Exercise >> Below are entries. Reproduce exactly the lines between the line holding "pitch | yaw |" and the line holding "Field of view (horizontal): 60.0°.", inclusive, and only those.

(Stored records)
☆ ☆ ☆ ☆

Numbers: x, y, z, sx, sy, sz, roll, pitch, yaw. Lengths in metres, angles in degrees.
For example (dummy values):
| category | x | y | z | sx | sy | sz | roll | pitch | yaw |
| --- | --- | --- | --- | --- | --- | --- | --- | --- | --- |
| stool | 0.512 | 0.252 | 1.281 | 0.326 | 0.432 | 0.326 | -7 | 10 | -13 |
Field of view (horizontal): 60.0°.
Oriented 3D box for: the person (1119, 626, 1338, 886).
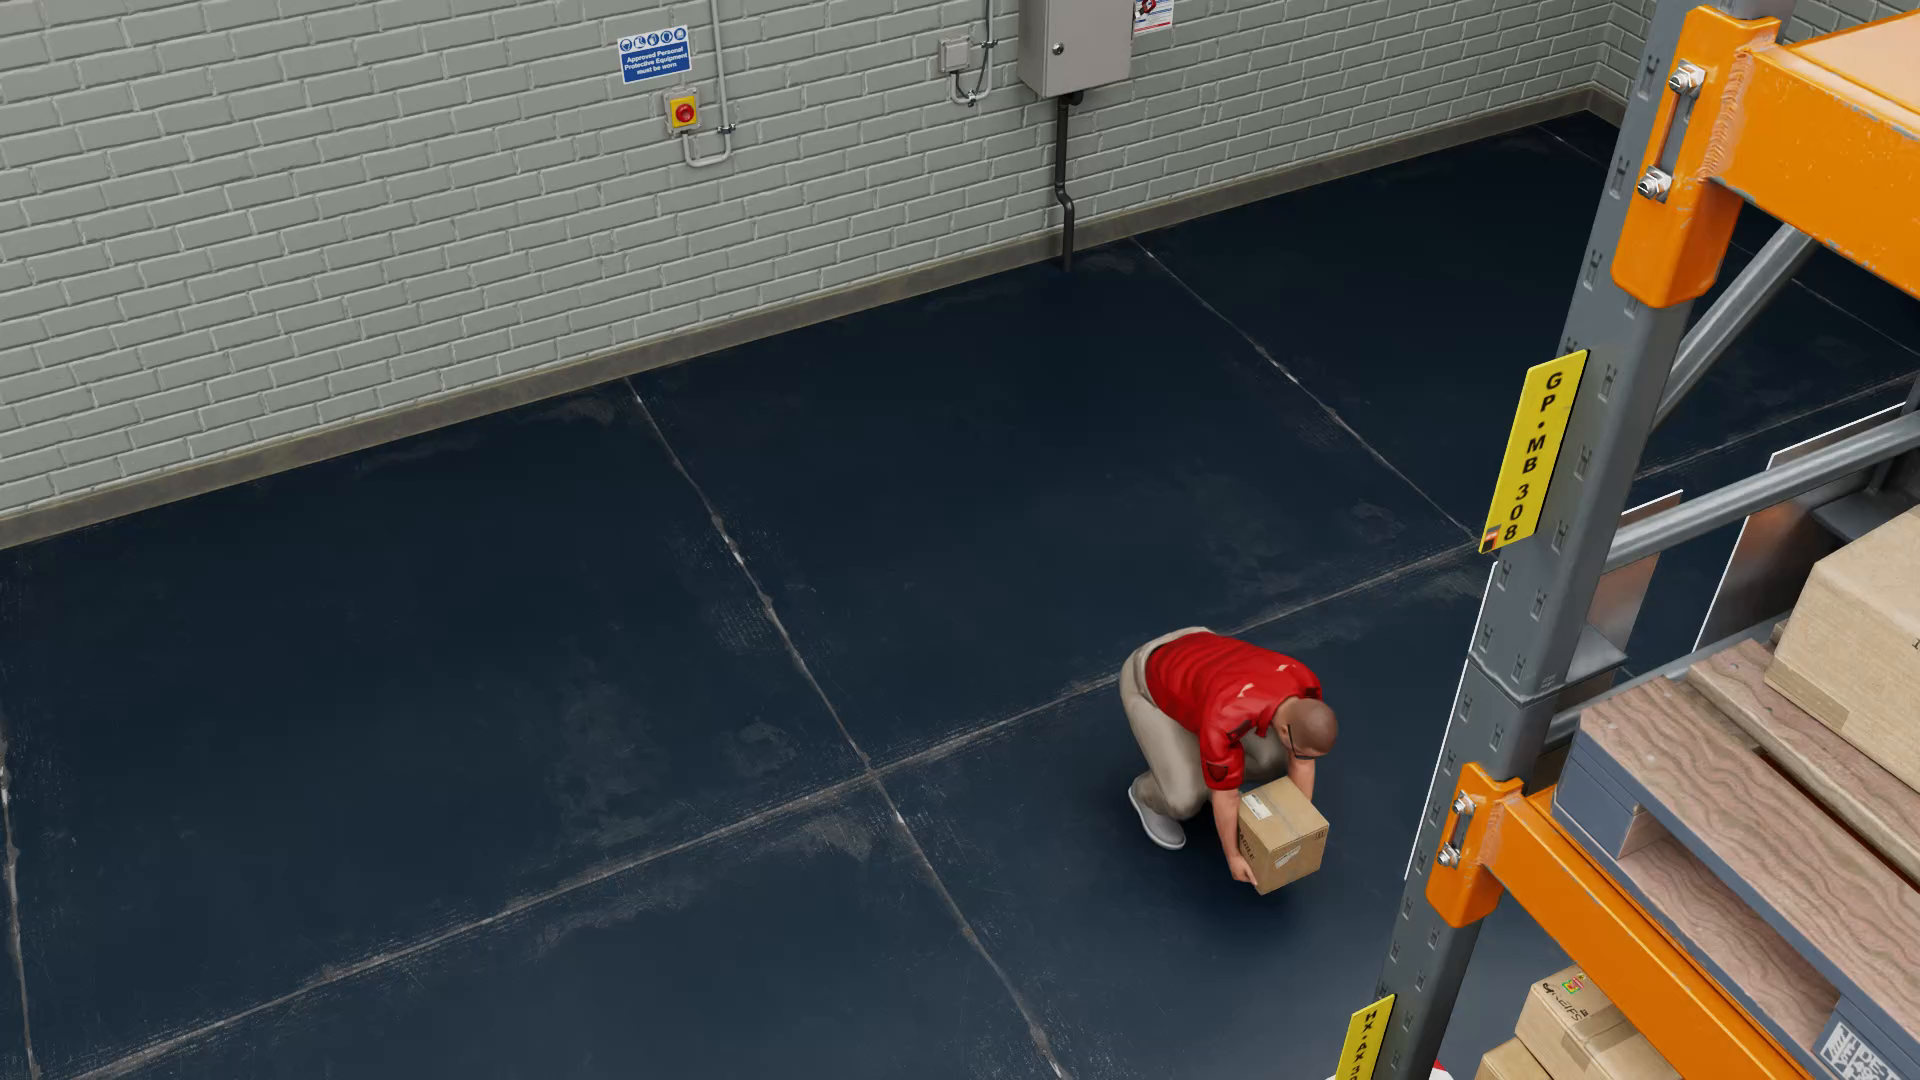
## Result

☆ ☆ ☆ ☆

Expected output >>
| category | x | y | z | sx | sy | sz | roll | pitch | yaw |
| --- | --- | --- | --- | --- | --- | --- | --- | --- | --- |
| stool | 0.512 | 0.252 | 1.281 | 0.326 | 0.432 | 0.326 | -7 | 10 | -13 |
Field of view (horizontal): 60.0°.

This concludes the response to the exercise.